Write out every record exactly as it appears. Skip the pictures.

+++++

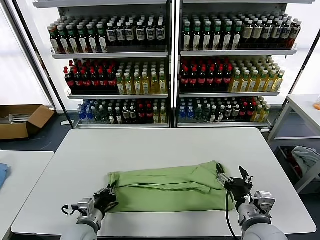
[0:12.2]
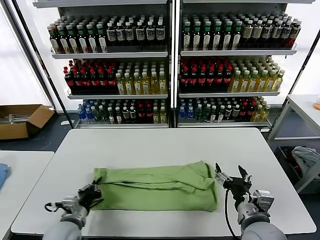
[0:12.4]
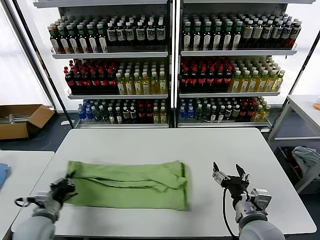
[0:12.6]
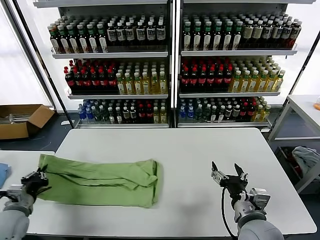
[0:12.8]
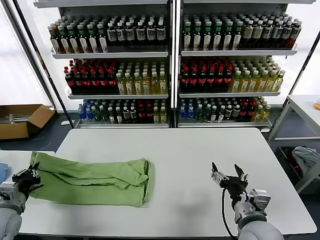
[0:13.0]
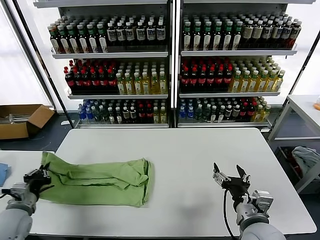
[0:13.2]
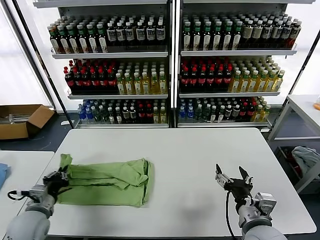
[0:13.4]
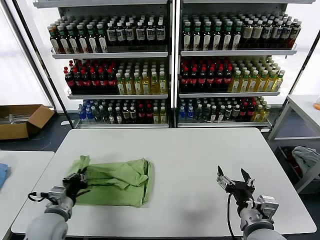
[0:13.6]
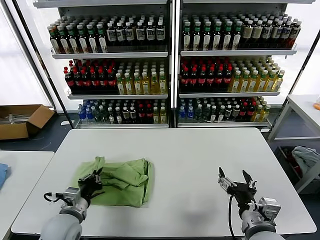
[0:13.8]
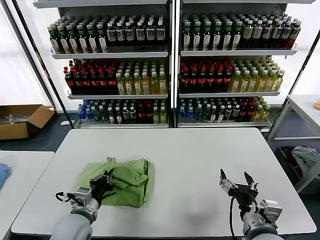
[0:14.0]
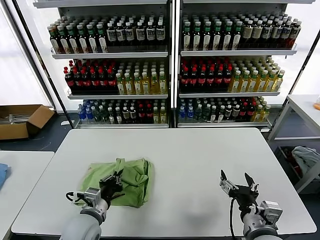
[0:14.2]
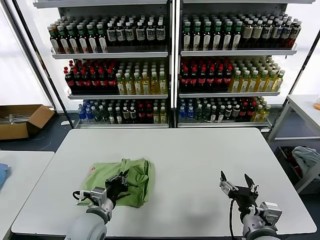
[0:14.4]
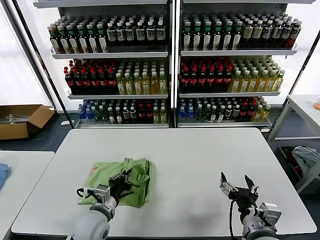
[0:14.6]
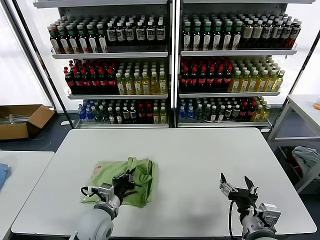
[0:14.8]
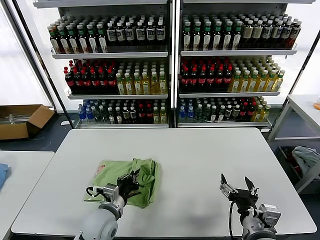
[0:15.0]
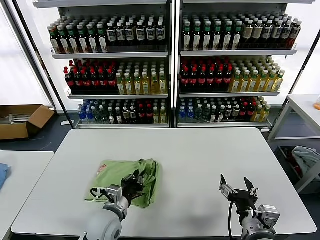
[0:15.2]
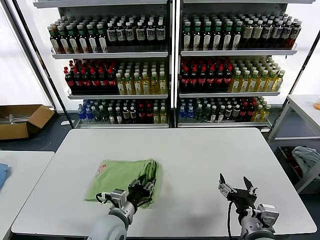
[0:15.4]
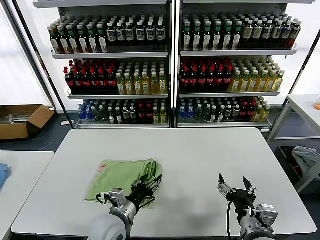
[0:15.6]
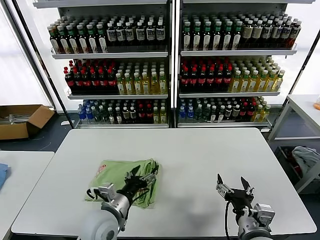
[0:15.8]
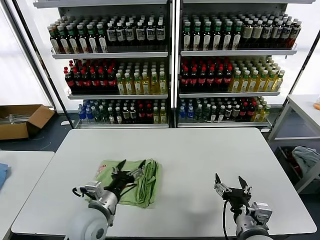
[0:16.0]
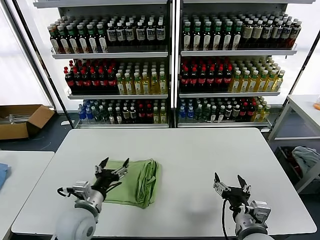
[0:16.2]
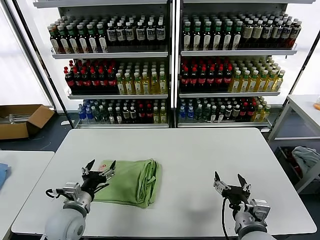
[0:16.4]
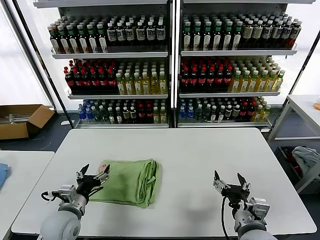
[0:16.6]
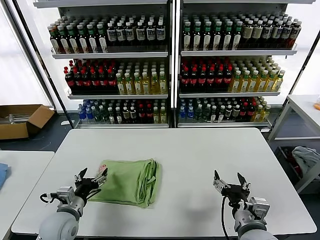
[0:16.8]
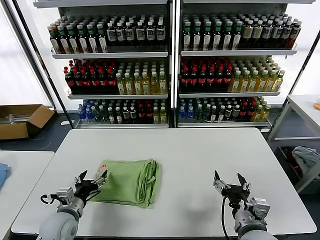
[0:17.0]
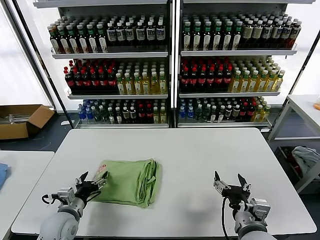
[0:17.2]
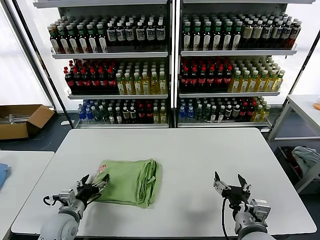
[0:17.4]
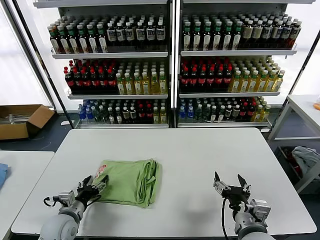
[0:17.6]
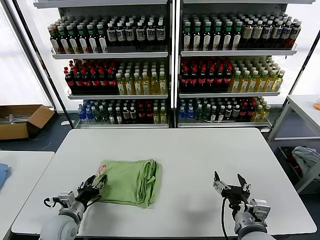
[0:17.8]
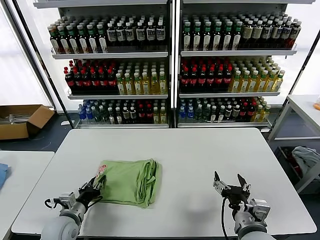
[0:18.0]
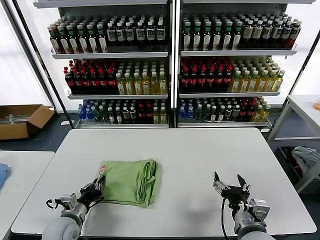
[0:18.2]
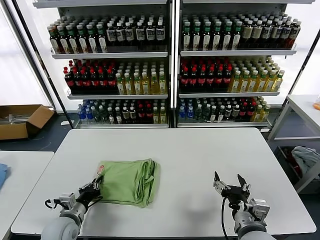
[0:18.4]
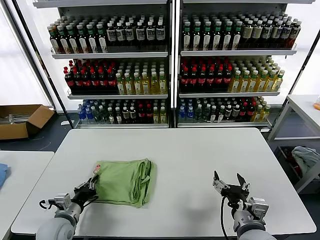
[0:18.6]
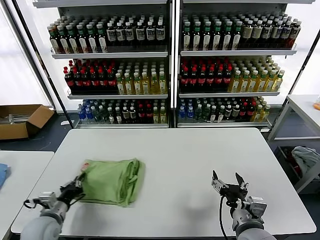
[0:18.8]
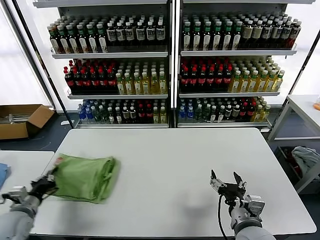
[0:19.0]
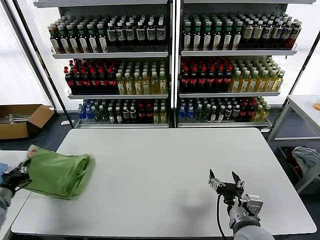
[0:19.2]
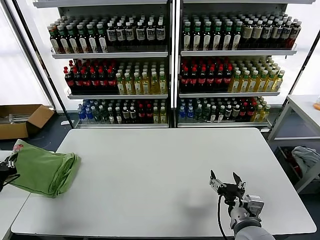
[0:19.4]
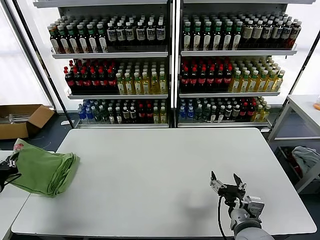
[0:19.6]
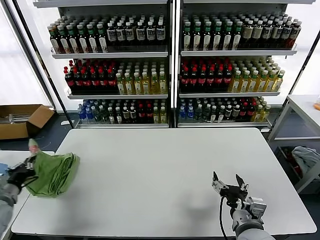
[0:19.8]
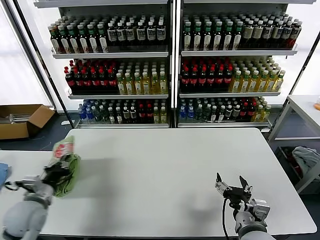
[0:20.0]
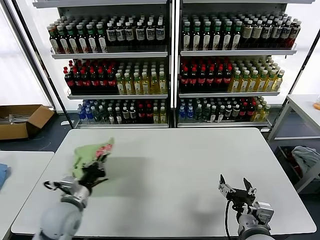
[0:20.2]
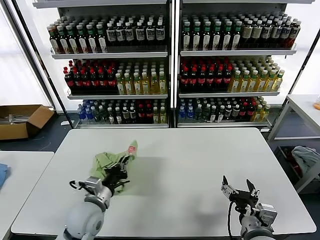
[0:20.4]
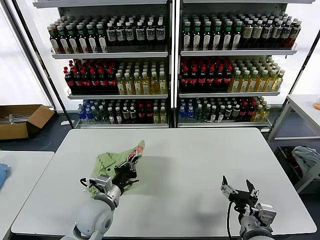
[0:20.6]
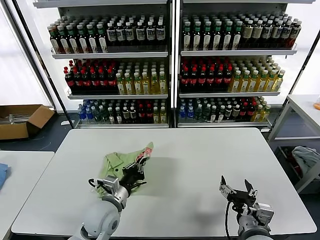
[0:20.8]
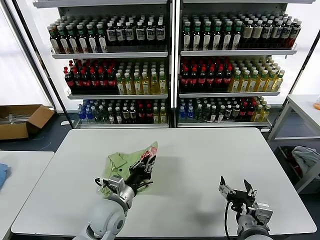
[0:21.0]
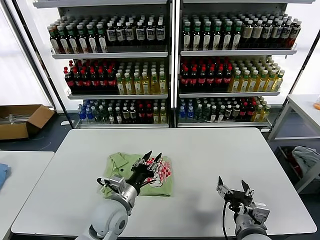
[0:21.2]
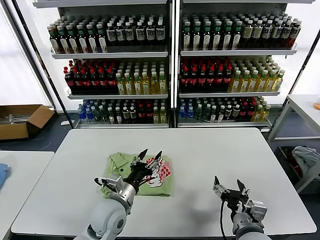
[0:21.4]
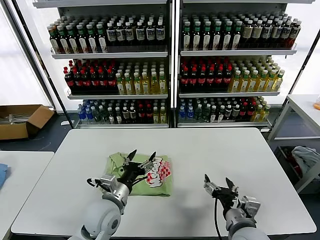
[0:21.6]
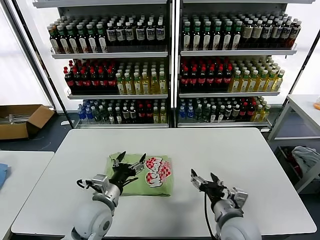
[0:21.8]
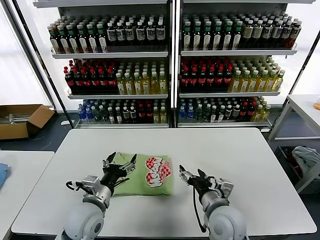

+++++

Solution for this exercise »
[0:12.2]
[0:12.4]
[0:12.6]
[0:12.8]
[0:13.0]
[0:13.2]
[0:13.4]
[0:13.6]
[0:13.8]
[0:14.0]
[0:14.2]
[0:14.4]
[0:14.6]
[0:14.8]
[0:15.0]
[0:15.2]
[0:15.4]
[0:15.6]
[0:15.8]
[0:16.0]
[0:16.2]
[0:16.4]
[0:16.6]
[0:16.8]
[0:17.0]
[0:17.2]
[0:17.4]
[0:17.6]
[0:17.8]
[0:18.0]
[0:18.2]
[0:18.4]
[0:18.6]
[0:18.8]
[0:19.0]
[0:19.2]
[0:19.4]
[0:19.6]
[0:19.8]
[0:20.0]
[0:20.2]
[0:20.4]
[0:20.6]
[0:20.8]
[0:21.0]
[0:21.2]
[0:21.4]
[0:21.6]
[0:21.8]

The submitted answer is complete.